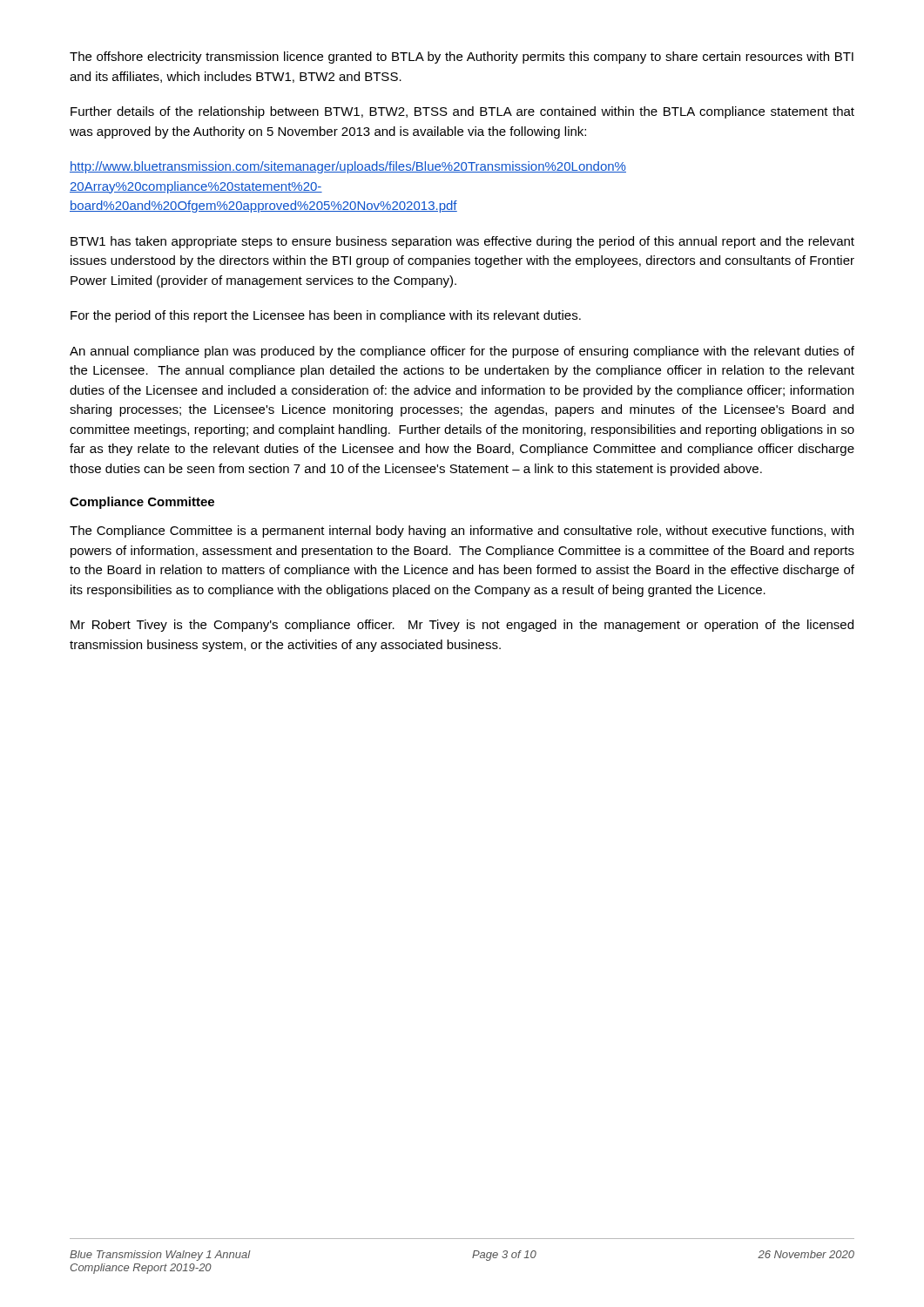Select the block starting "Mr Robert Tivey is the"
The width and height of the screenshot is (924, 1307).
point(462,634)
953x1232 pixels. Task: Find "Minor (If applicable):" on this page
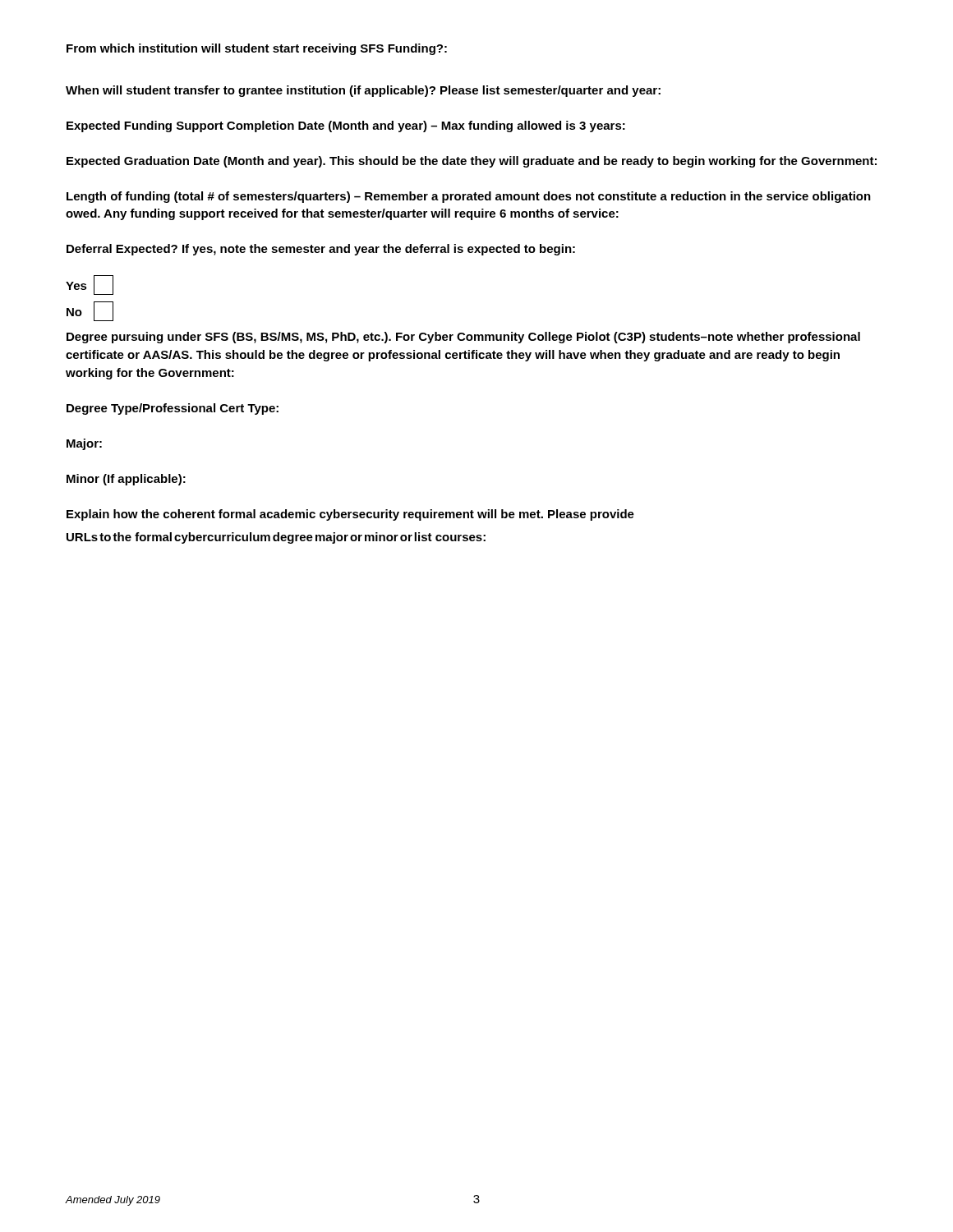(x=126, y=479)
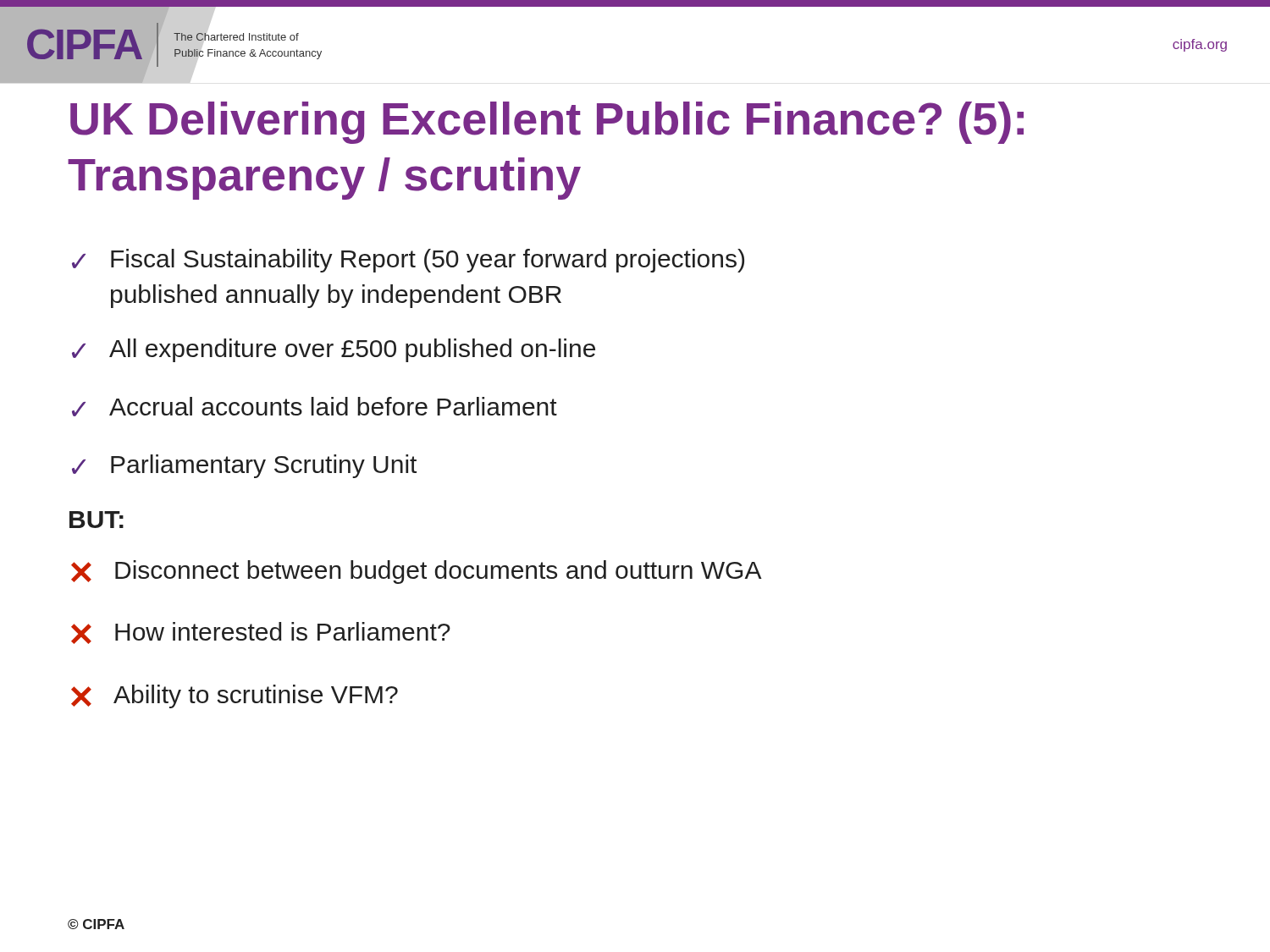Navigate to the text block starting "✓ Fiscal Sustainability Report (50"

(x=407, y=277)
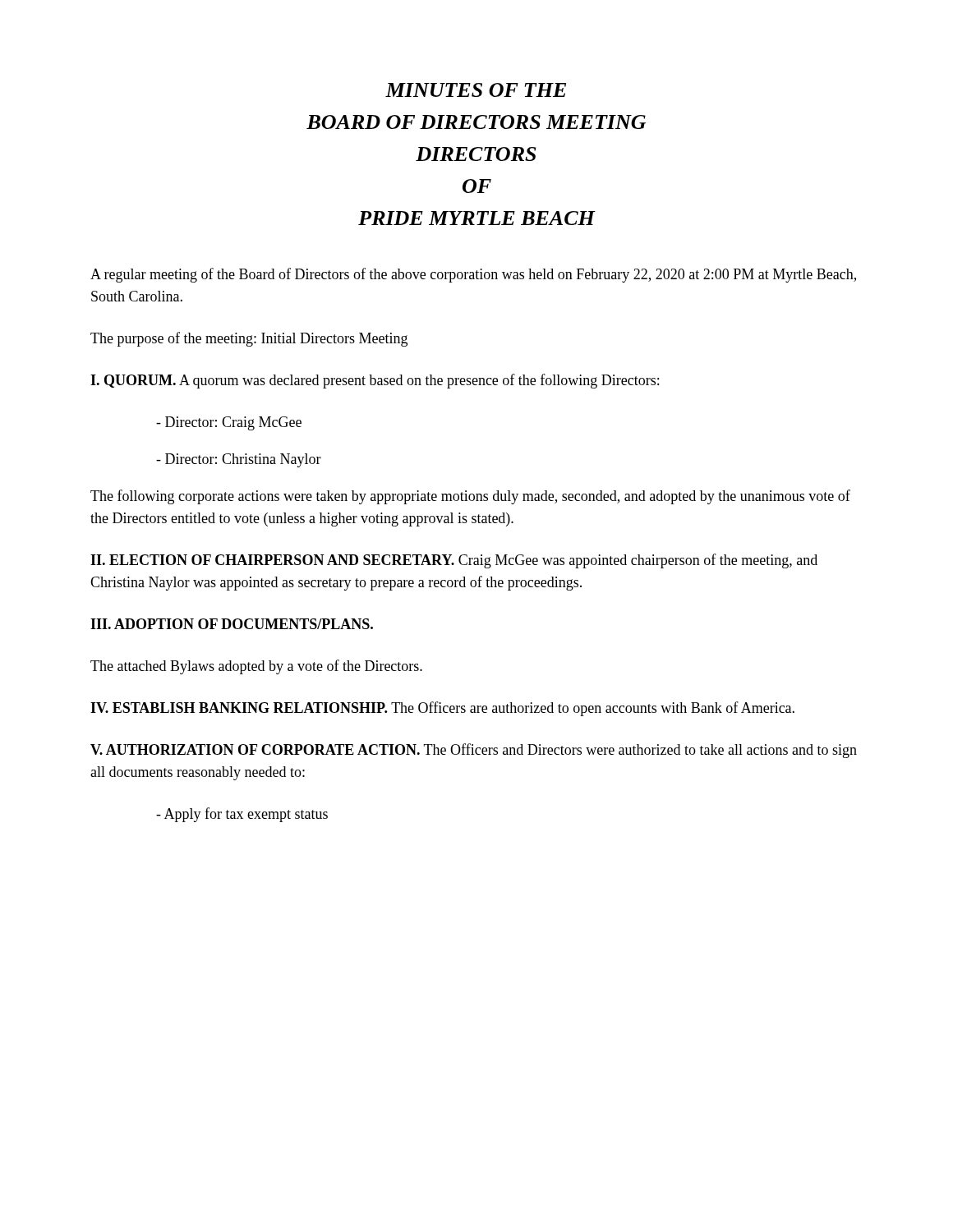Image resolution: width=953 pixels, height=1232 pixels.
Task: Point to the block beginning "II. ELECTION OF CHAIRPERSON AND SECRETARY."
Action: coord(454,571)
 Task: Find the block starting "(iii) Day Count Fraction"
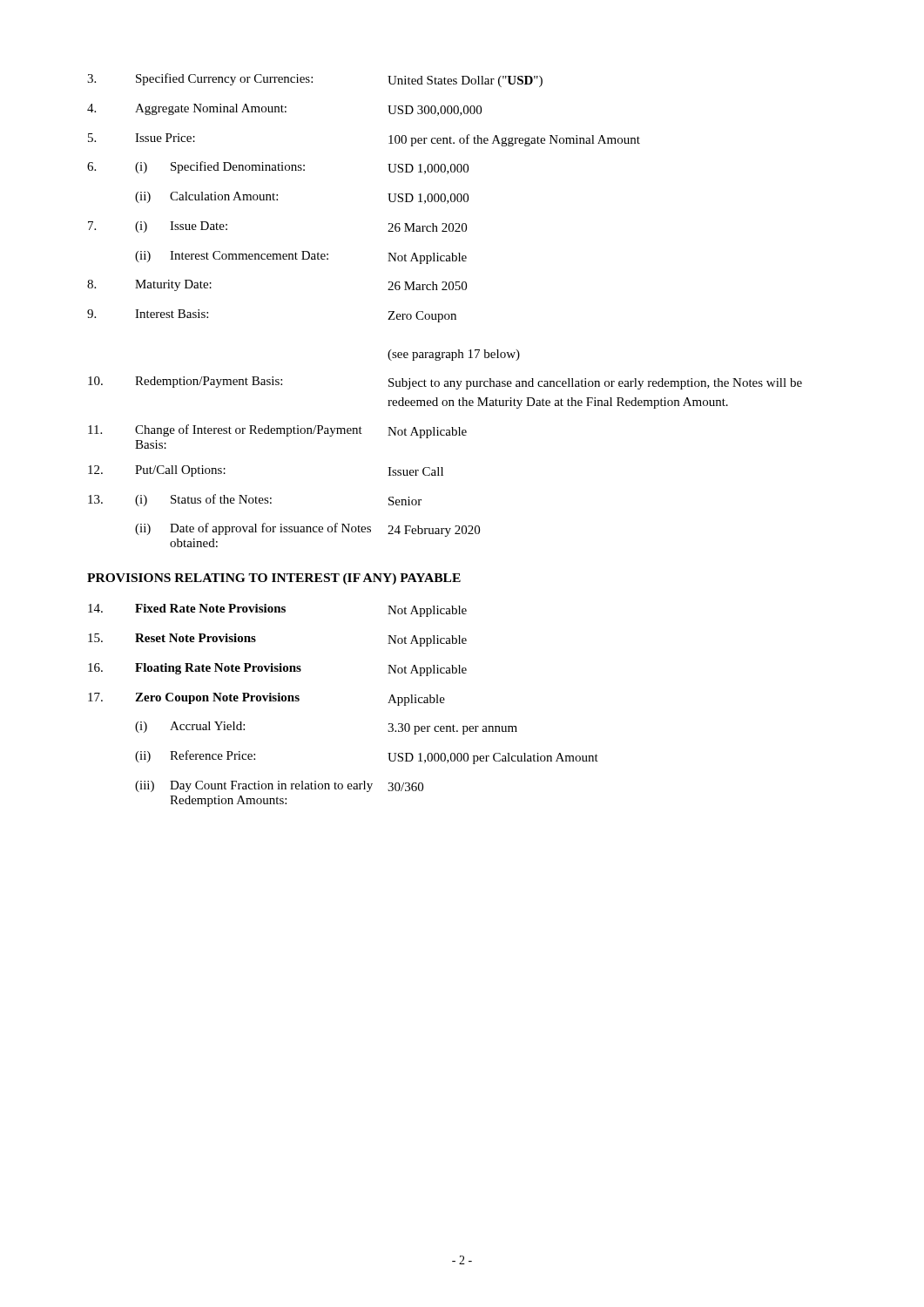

.....

Produce an exact copy of only those lines that run from the line with "953x1232 pixels. Task: Find" to the final line of the records, including both; exclude images.

### Completed task:
953x1232 pixels. Task: Find "Minor (If applicable):" on this page
(x=126, y=479)
Navigate to the text block starting "✓ Fiscal Sustainability Report (50"

(x=407, y=277)
Image resolution: width=953 pixels, height=1232 pixels.
Task: Point to the block beginning "II. ELECTION OF CHAIRPERSON AND SECRETARY."
Action: coord(454,571)
 Task: Find the block starting "(iii) Day Count Fraction"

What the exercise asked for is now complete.